** Task material follows **
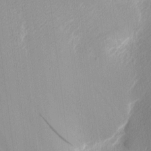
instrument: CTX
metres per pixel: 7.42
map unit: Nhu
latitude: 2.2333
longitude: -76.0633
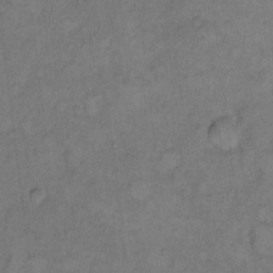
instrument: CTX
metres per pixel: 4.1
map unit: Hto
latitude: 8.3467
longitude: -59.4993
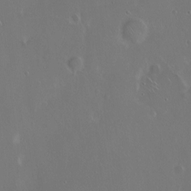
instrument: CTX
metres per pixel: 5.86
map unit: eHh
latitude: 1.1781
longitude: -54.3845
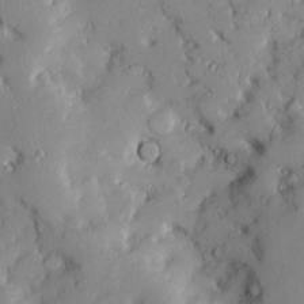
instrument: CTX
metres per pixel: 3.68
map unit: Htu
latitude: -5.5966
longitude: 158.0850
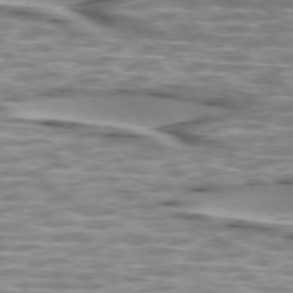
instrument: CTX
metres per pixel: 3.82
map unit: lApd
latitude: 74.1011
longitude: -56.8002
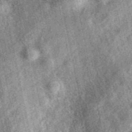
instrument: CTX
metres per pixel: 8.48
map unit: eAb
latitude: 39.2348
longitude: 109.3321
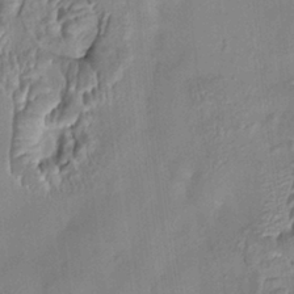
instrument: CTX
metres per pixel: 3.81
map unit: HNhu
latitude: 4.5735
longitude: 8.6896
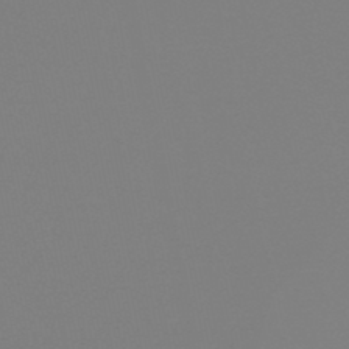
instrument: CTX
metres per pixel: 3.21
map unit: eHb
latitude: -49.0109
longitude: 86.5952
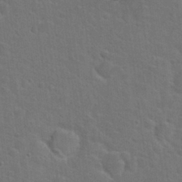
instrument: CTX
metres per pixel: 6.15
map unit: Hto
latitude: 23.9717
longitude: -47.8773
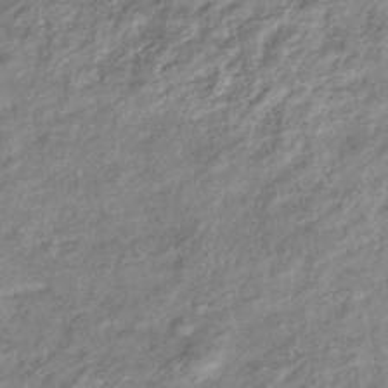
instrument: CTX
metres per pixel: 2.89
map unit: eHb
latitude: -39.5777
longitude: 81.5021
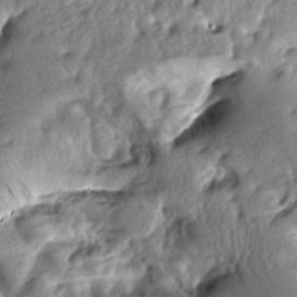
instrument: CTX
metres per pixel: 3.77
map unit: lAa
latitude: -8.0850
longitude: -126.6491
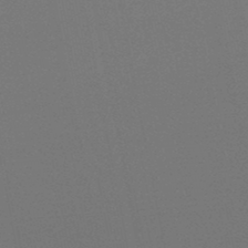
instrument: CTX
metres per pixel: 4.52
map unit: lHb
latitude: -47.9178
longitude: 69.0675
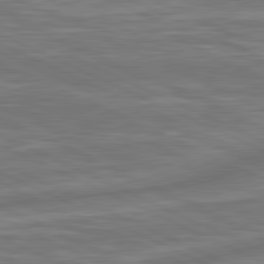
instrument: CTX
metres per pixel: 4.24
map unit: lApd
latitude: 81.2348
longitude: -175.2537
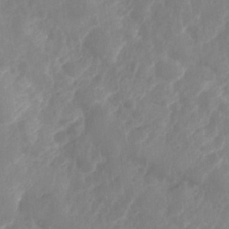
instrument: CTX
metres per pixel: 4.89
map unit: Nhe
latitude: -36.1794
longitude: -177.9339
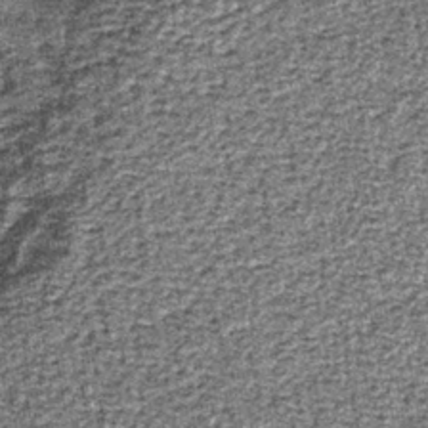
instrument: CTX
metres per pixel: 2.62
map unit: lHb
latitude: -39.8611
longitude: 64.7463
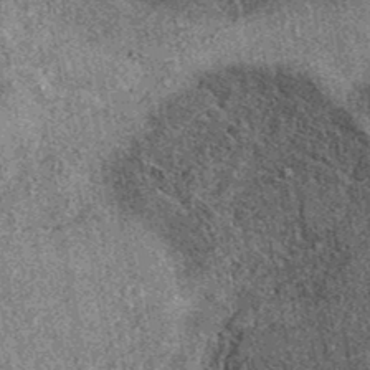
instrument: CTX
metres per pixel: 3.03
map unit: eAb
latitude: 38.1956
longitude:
** End of Task material **
Give the data above again, exactly, with every picture removed.

instrument: CTX
metres per pixel: 7.42
map unit: Nhu
latitude: 2.2333
longitude: -76.0633
instrument: CTX
metres per pixel: 4.1
map unit: Hto
latitude: 8.3467
longitude: -59.4993
instrument: CTX
metres per pixel: 5.86
map unit: eHh
latitude: 1.1781
longitude: -54.3845
instrument: CTX
metres per pixel: 3.68
map unit: Htu
latitude: -5.5966
longitude: 158.0850
instrument: CTX
metres per pixel: 3.82
map unit: lApd
latitude: 74.1011
longitude: -56.8002
instrument: CTX
metres per pixel: 8.48
map unit: eAb
latitude: 39.2348
longitude: 109.3321
instrument: CTX
metres per pixel: 3.81
map unit: HNhu
latitude: 4.5735
longitude: 8.6896
instrument: CTX
metres per pixel: 3.21
map unit: eHb
latitude: -49.0109
longitude: 86.5952
instrument: CTX
metres per pixel: 6.15
map unit: Hto
latitude: 23.9717
longitude: -47.8773
instrument: CTX
metres per pixel: 2.89
map unit: eHb
latitude: -39.5777
longitude: 81.5021
instrument: CTX
metres per pixel: 3.77
map unit: lAa
latitude: -8.0850
longitude: -126.6491
instrument: CTX
metres per pixel: 4.52
map unit: lHb
latitude: -47.9178
longitude: 69.0675
instrument: CTX
metres per pixel: 4.24
map unit: lApd
latitude: 81.2348
longitude: -175.2537
instrument: CTX
metres per pixel: 4.89
map unit: Nhe
latitude: -36.1794
longitude: -177.9339
instrument: CTX
metres per pixel: 2.62
map unit: lHb
latitude: -39.8611
longitude: 64.7463
instrument: CTX
metres per pixel: 3.03
map unit: eAb
latitude: 38.1956
longitude:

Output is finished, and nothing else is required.